DUBAI: The United Arab Emirates hopes it and Oman will rejoin a planned Gulf single currency project one day, UAE economy minister was quoted as saying by a Saudi newspaper on Sunday, ahead of a Gulf rulers summit this week.
Rulers from Gulf Arab countries will meet in UAE capital Abu Dhabi on Dec. 6-7 to discuss political, security and financial issues affecting the world’s top oil exporting region.
"The Emirates still hope that there will be a single currency for the countries of the (Gulf Cooperation) Council one day," Sultan bin Saeed Al-Mansouri told Saudi newspaper Al-Eqtisadiah.
The second largest Arab economy withdrew from the project last year in protest against placing the joint monetary council in rival Saudi Arabia.
UAE policymakers had said rejoining was not on the table unless it is profitable.
Neighboring non-OPEC Oman pulled out in 2006 and ruled out any comeback.
Only four countries from the six-nation GCC — Saudi Arabia, Kuwait, Qatar and Bahrain — remained committed to form the long-delayed monetary union but the project made little progress this year with the euro zone debt crisis limiting its appeal.
Mansouri said the goal was to reach an agreement among all Gulf Cooperation Council (GCC) members, adding Gulf policymakers would discuss the union during the forthcoming summit.

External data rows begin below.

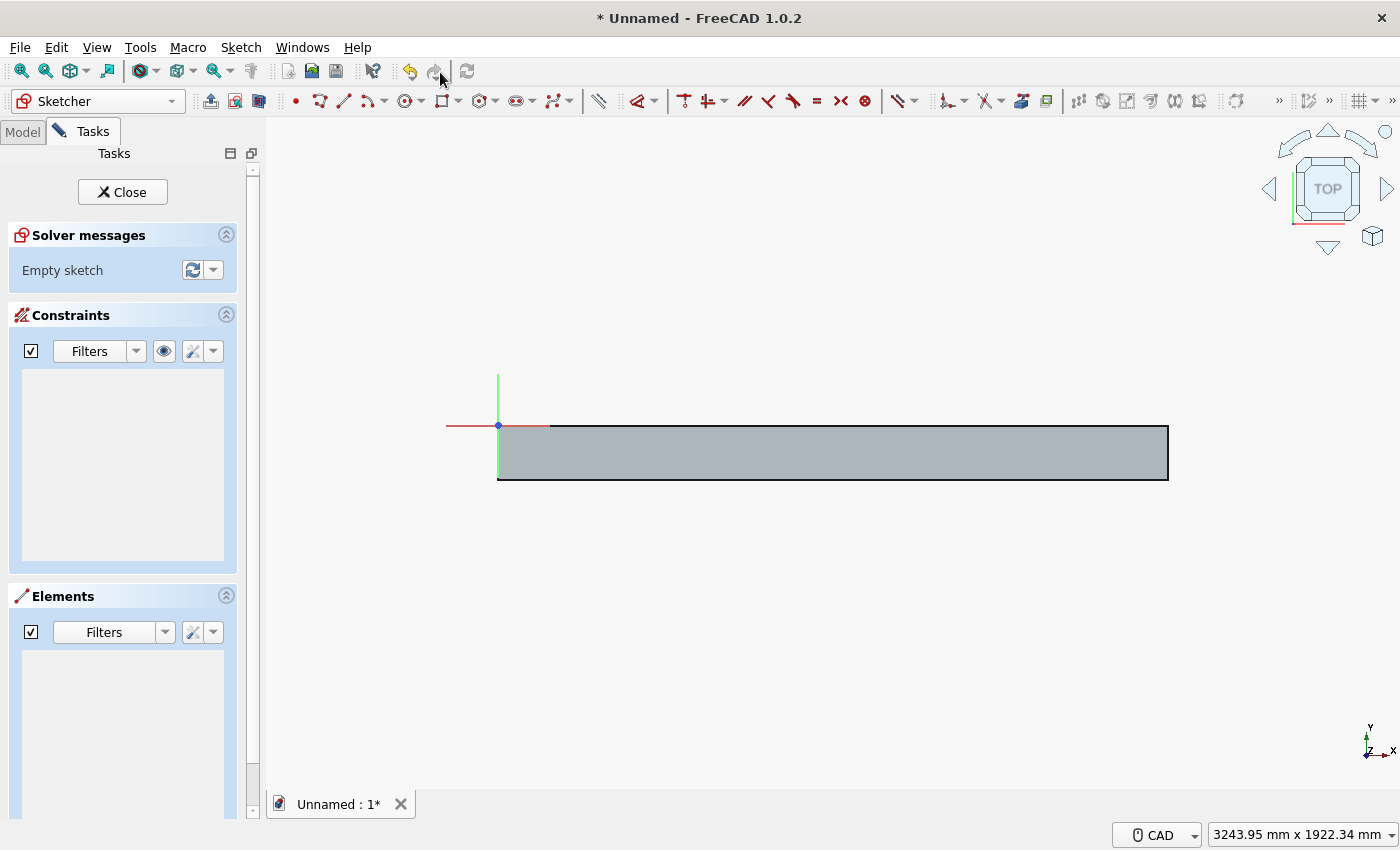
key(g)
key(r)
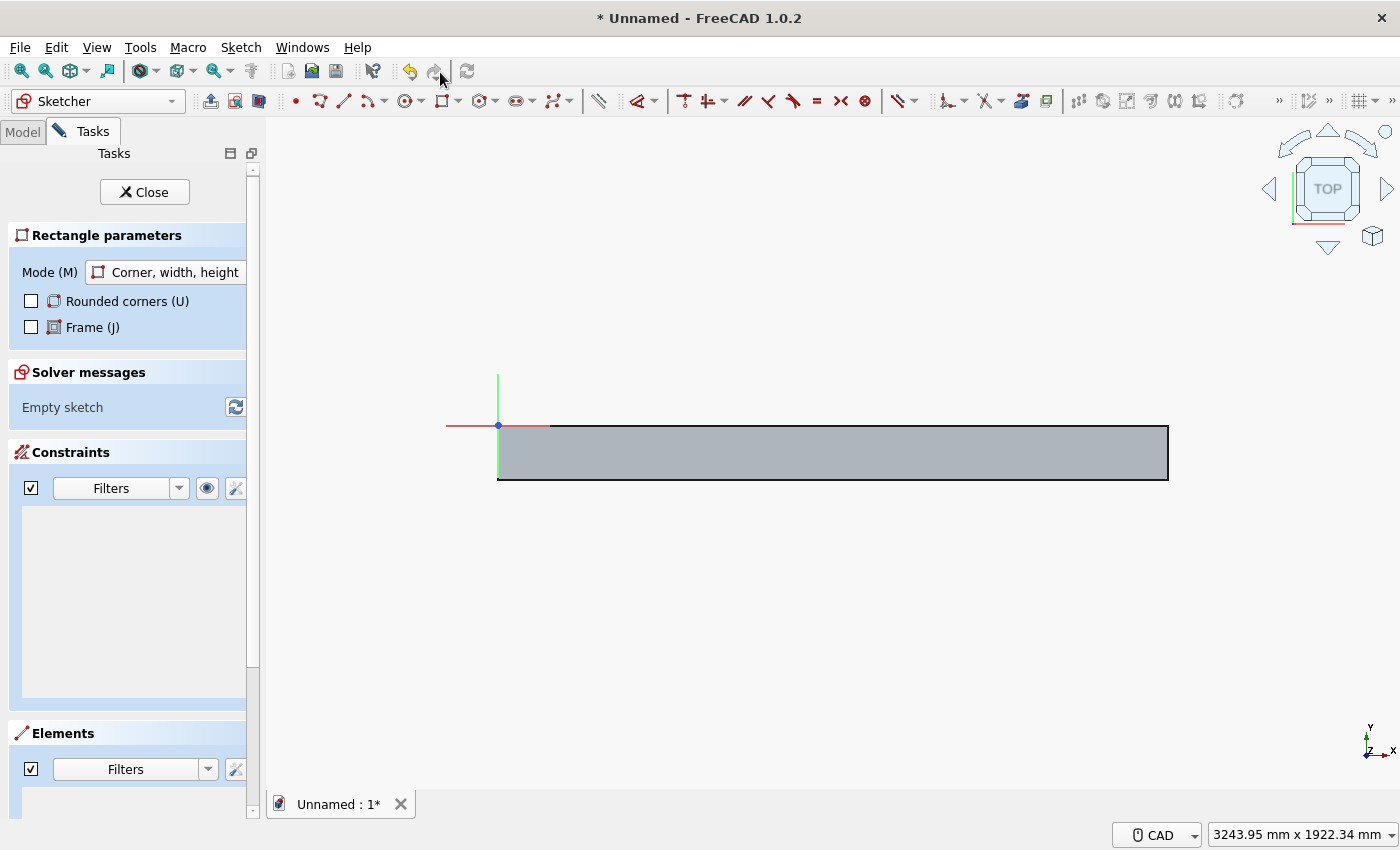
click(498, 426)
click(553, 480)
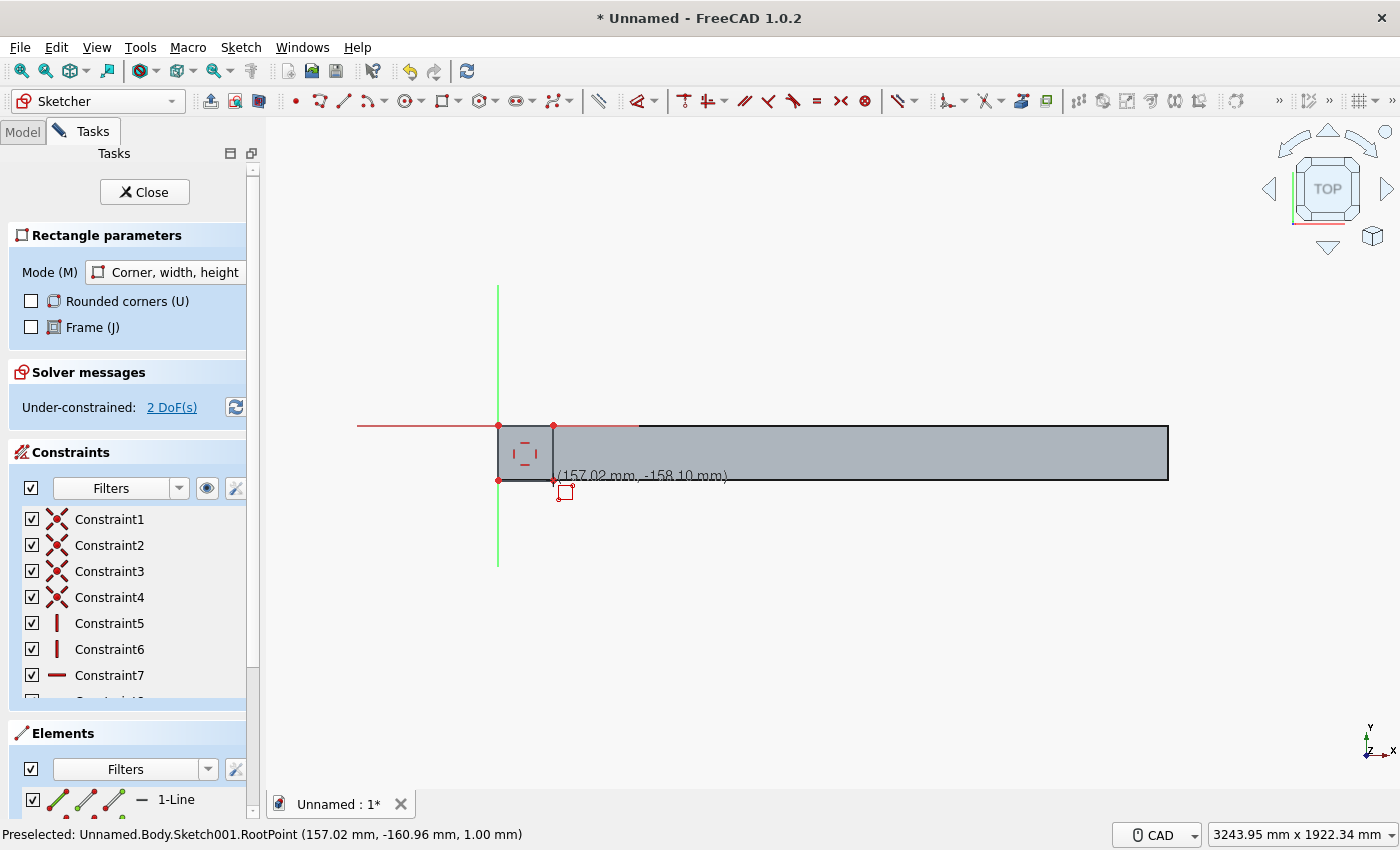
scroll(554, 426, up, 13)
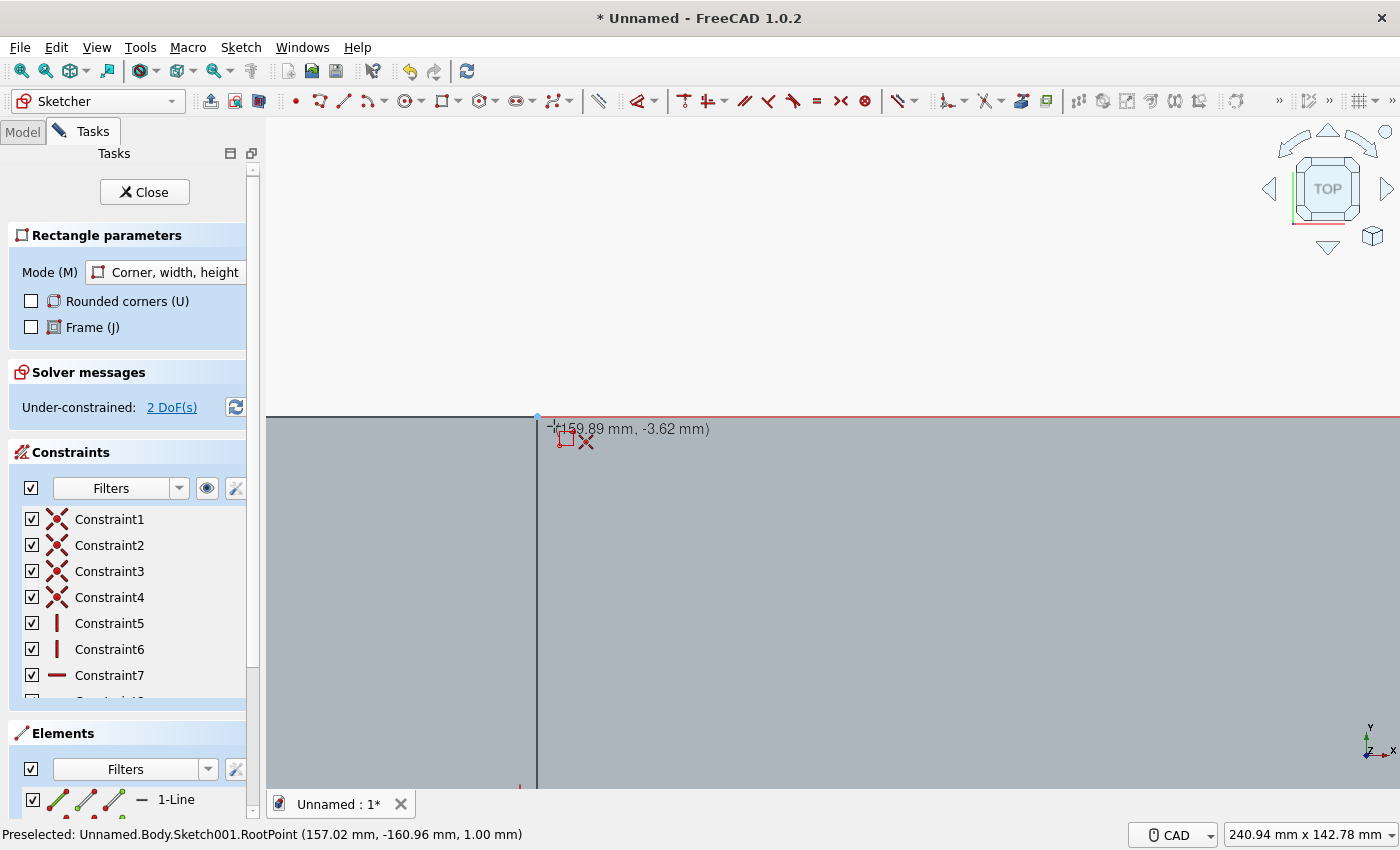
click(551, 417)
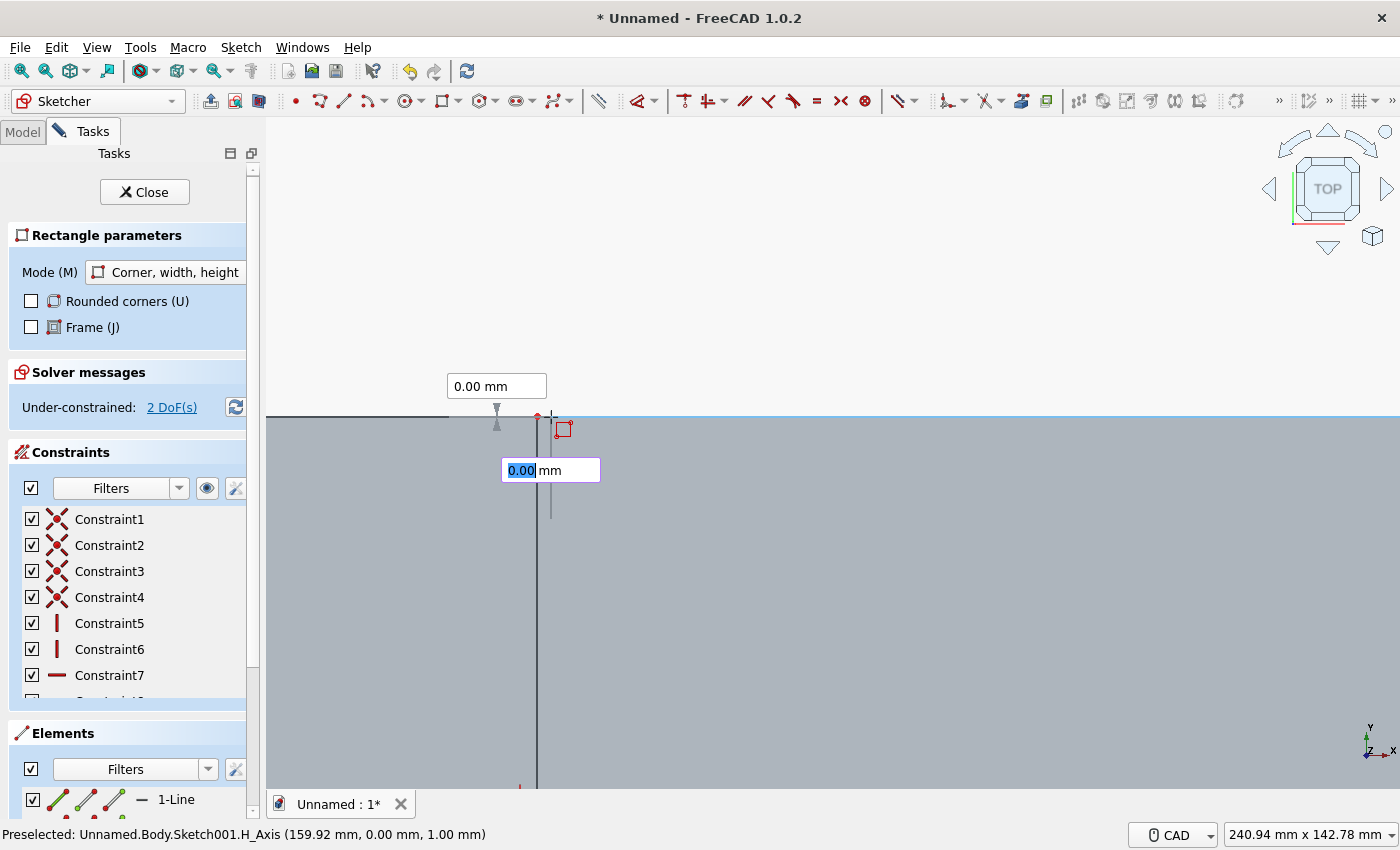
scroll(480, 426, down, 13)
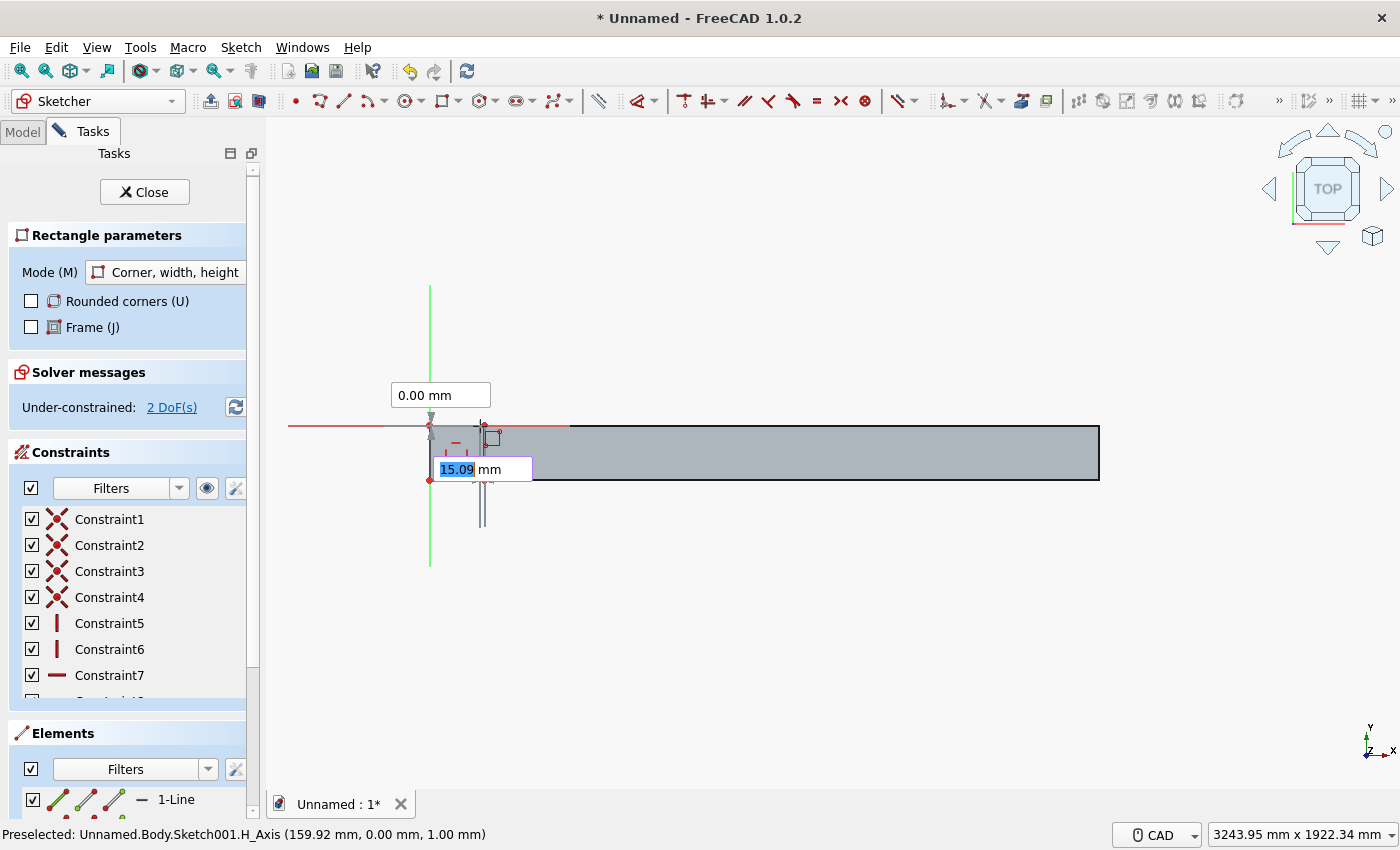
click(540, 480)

"We in the Emirates believe our destiny is in the common Gulf region, whether economically, politically or socially," he said.
The GCC secretary general said in May the single currency was unlikely to be launched by 2015 after missing the initial 2010 deadline.
Analysts have said Saudi Arabia, the world’s top oil exporter and the main driving force behind the monetary union faces a challenge to keep the project rolling as the economic power of fellow crude exporters rises.